── MATERIAL SHOWN ──
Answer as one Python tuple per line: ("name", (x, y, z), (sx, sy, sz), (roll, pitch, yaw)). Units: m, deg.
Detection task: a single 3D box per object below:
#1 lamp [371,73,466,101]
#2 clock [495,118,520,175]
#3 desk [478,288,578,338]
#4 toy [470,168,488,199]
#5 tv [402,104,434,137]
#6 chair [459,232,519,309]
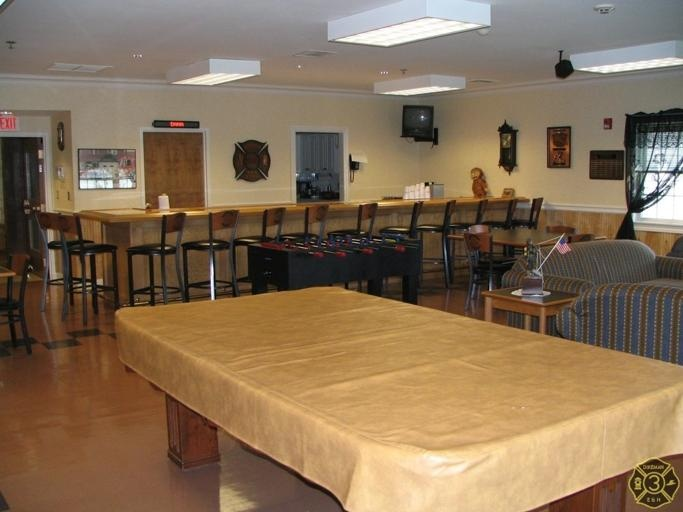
───
| REQUIRED WORK |
Give back the listing exactly, without a single picture.

| WRITTEN SOLUTION |
Answer as one Python tuple per line: ("name", (x, y, z), (sx, sy, sz), (roll, pitch, yaw)). Units: m, deg.
Detection task: a single 3D box per object below:
#1 lamp [371,73,466,101]
#2 clock [495,118,520,175]
#3 desk [478,288,578,338]
#4 toy [470,168,488,199]
#5 tv [402,104,434,137]
#6 chair [459,232,519,309]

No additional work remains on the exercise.